Already before and also after the announcements around this actor other researcher digged into. Therefore the datasets are cleaned but may still include few research based non-victim systems.
The following graphs shows the operating system distribution amongst Havex victims during this period:
Apart from the increase of the category "unknown", there are no substantial differences when comparing the data analyzed in the first report :
In order to complement the data from the C2, we extracted some stats for the most relevant Trojans used by the Crouching Yeti operators. Almost all of them shows a residual impact during 2015. Nevertheless, we notice some very specific peaks during this month, especially for the Trojan.Win32.Ddex verdict. This component is a simple downloader with the functionality similar to the Havex component. All the detections are located within the Russian Federation.
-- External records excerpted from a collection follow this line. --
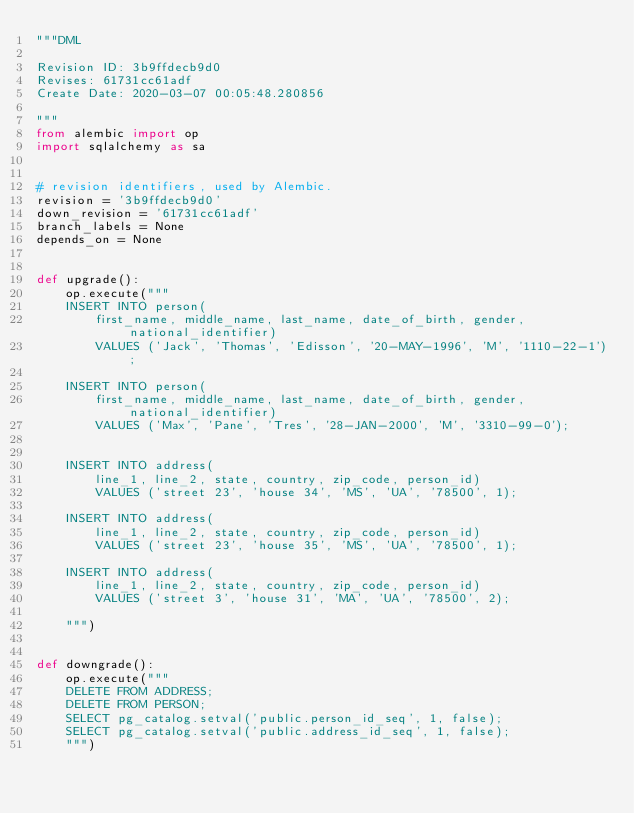<code> <loc_0><loc_0><loc_500><loc_500><_Python_>"""DML

Revision ID: 3b9ffdecb9d0
Revises: 61731cc61adf
Create Date: 2020-03-07 00:05:48.280856

"""
from alembic import op
import sqlalchemy as sa


# revision identifiers, used by Alembic.
revision = '3b9ffdecb9d0'
down_revision = '61731cc61adf'
branch_labels = None
depends_on = None


def upgrade():
    op.execute("""
    INSERT INTO person(
        first_name, middle_name, last_name, date_of_birth, gender, national_identifier)
        VALUES ('Jack', 'Thomas', 'Edisson', '20-MAY-1996', 'M', '1110-22-1');
        
    INSERT INTO person(
        first_name, middle_name, last_name, date_of_birth, gender, national_identifier)
        VALUES ('Max', 'Pane', 'Tres', '28-JAN-2000', 'M', '3310-99-0');
    
    
    INSERT INTO address(
        line_1, line_2, state, country, zip_code, person_id)
        VALUES ('street 23', 'house 34', 'MS', 'UA', '78500', 1);
    
    INSERT INTO address(
        line_1, line_2, state, country, zip_code, person_id)
        VALUES ('street 23', 'house 35', 'MS', 'UA', '78500', 1);
    
    INSERT INTO address(
        line_1, line_2, state, country, zip_code, person_id)
        VALUES ('street 3', 'house 31', 'MA', 'UA', '78500', 2);

    """)


def downgrade():
    op.execute("""
    DELETE FROM ADDRESS;
    DELETE FROM PERSON;
    SELECT pg_catalog.setval('public.person_id_seq', 1, false);
    SELECT pg_catalog.setval('public.address_id_seq', 1, false);
    """)</code> 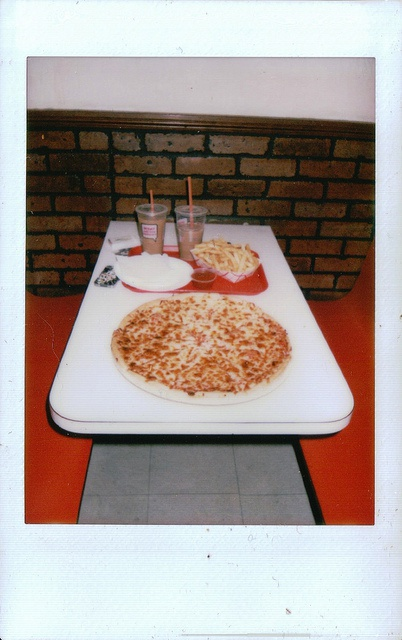Describe the objects in this image and their specific colors. I can see dining table in lavender, lightgray, tan, salmon, and darkgray tones, pizza in lavender, tan, brown, and salmon tones, bench in lavender, brown, maroon, lightgray, and black tones, bench in lavender, brown, maroon, black, and lightgray tones, and cup in lavender, gray, and maroon tones in this image. 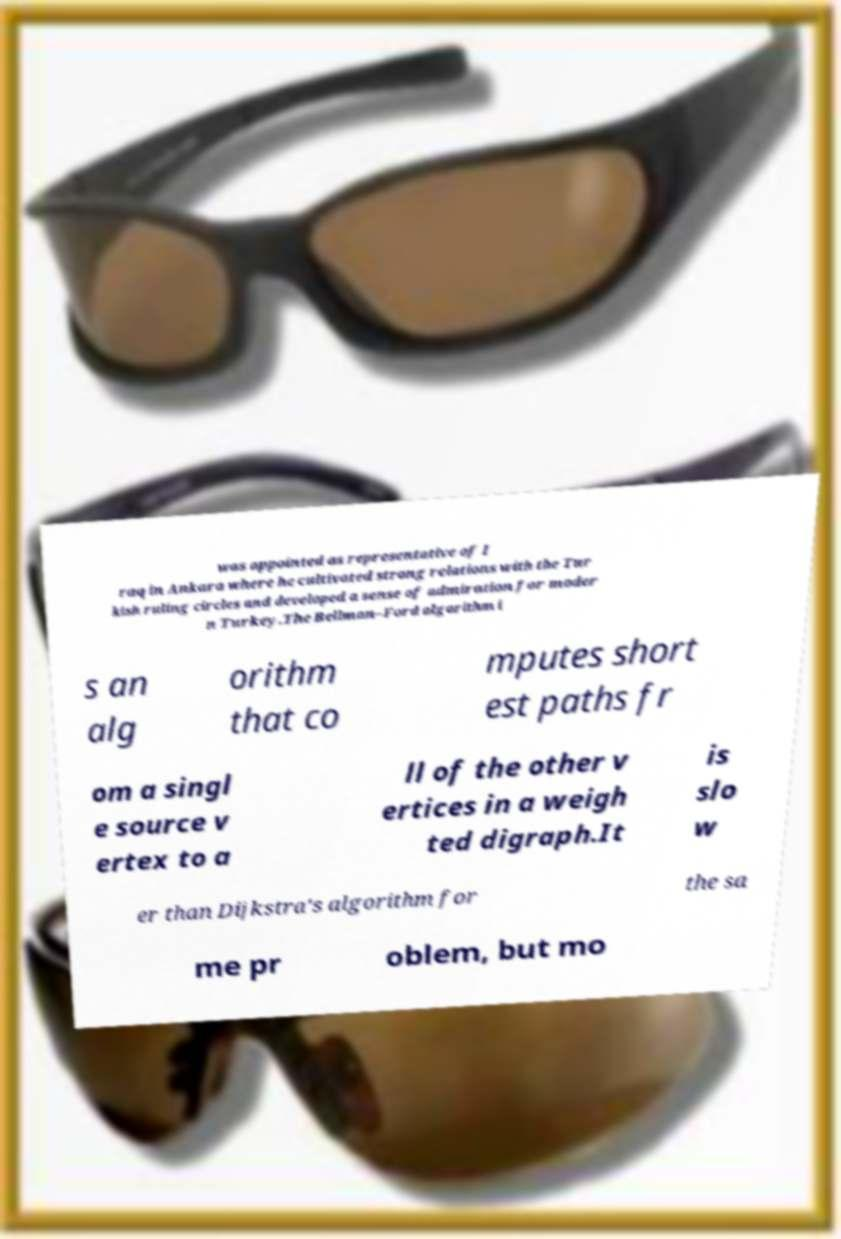Please read and relay the text visible in this image. What does it say? was appointed as representative of I raq in Ankara where he cultivated strong relations with the Tur kish ruling circles and developed a sense of admiration for moder n Turkey.The Bellman–Ford algorithm i s an alg orithm that co mputes short est paths fr om a singl e source v ertex to a ll of the other v ertices in a weigh ted digraph.It is slo w er than Dijkstra's algorithm for the sa me pr oblem, but mo 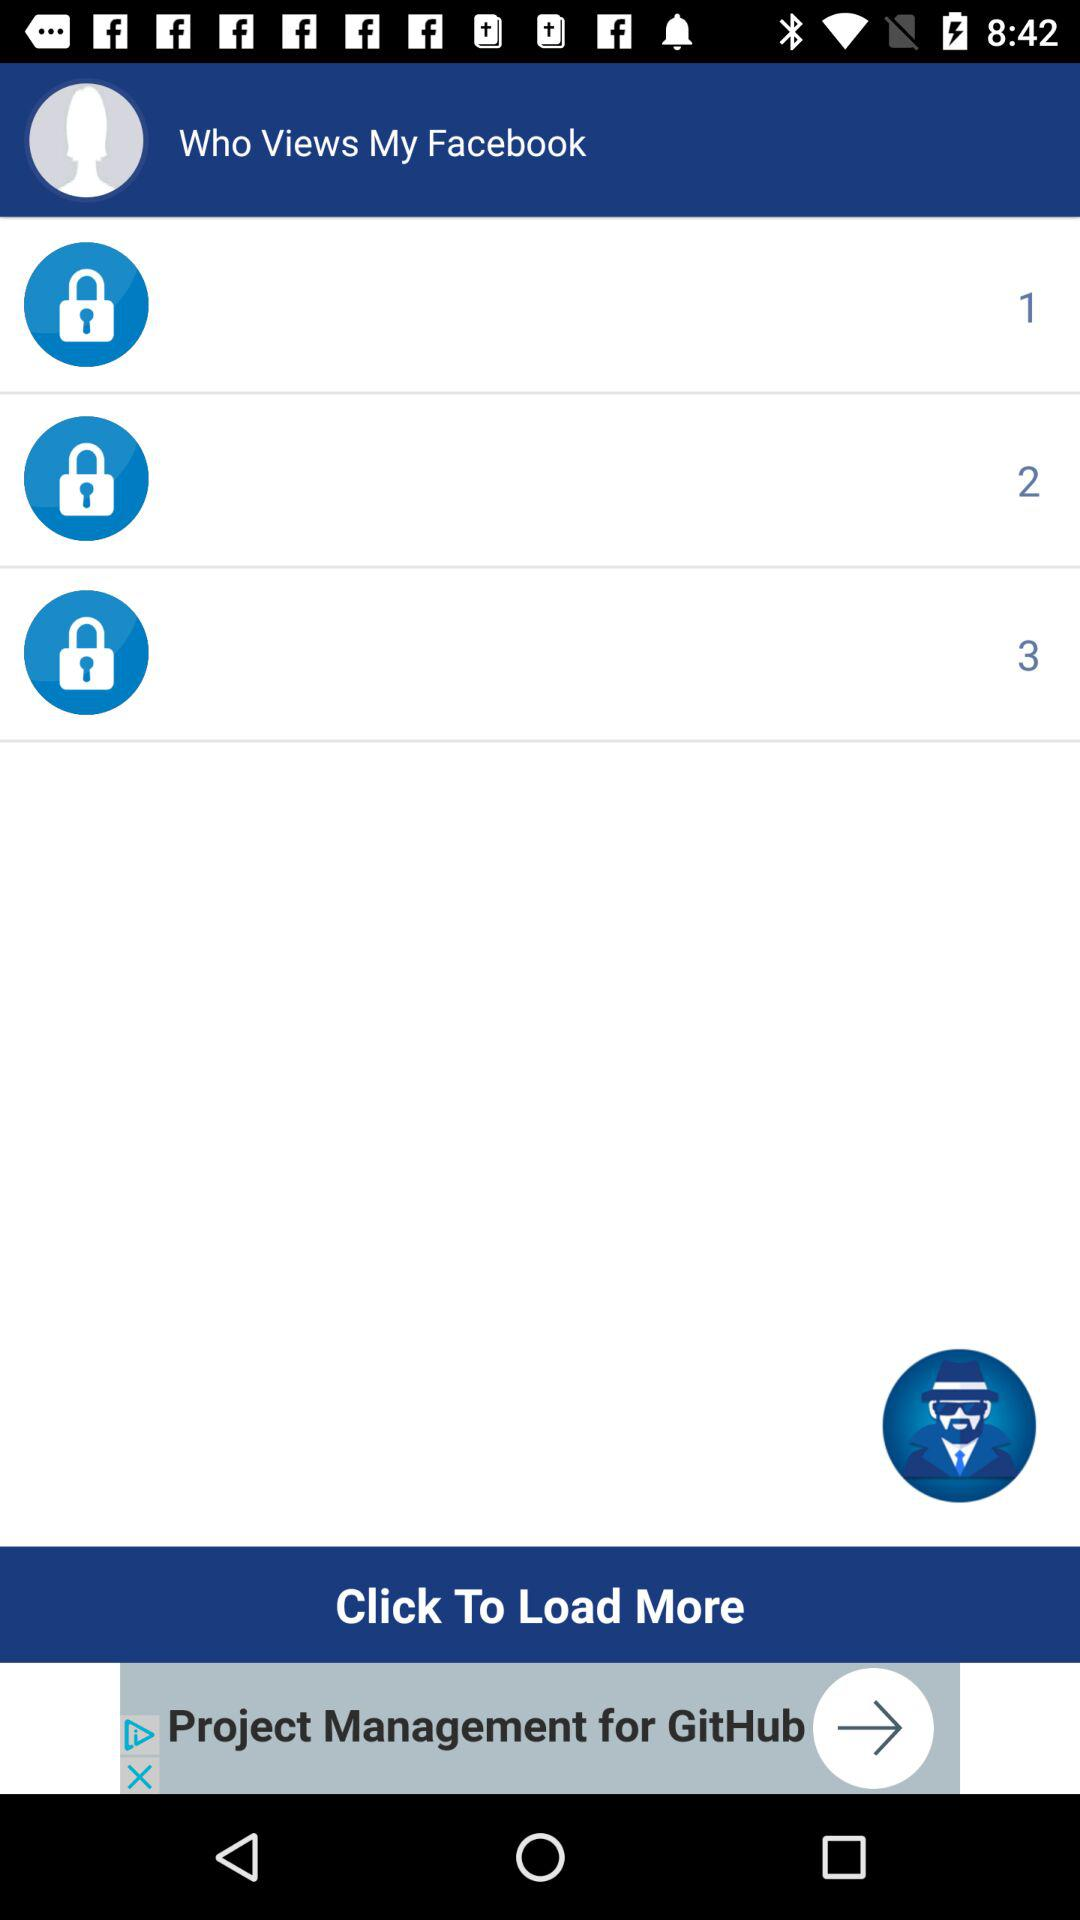How many people have viewed my Facebook profile?
Answer the question using a single word or phrase. 3 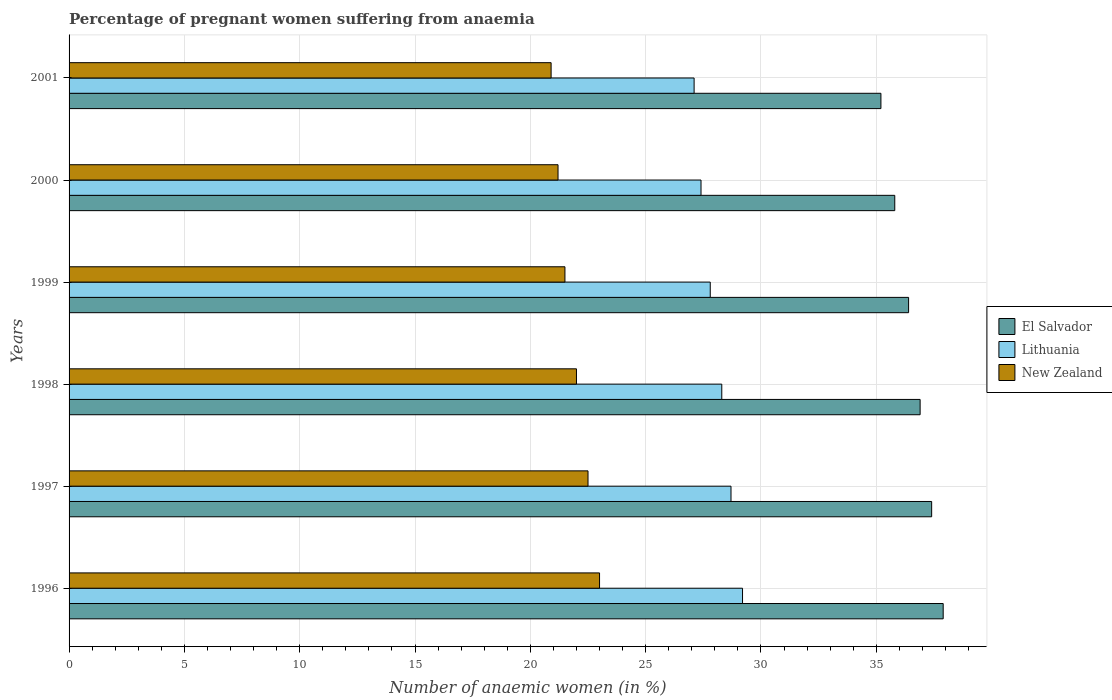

In conclusion, the data analyzed during this period show us that Crouching Yeti's impact continues to increase in terms of infected victims reporting to the C2s, although internal data from KSN shows a different picture (residual number of infections). In this update, we did not see relevant changes in the infrastructure or in the C2 activity.
Taking into account the nature of this threat actor and the operational status of the infrastructure, it is likely the operators already switched infrastructure, techniques and targets.
We will continue to track this threat actor and providing updates accordingly.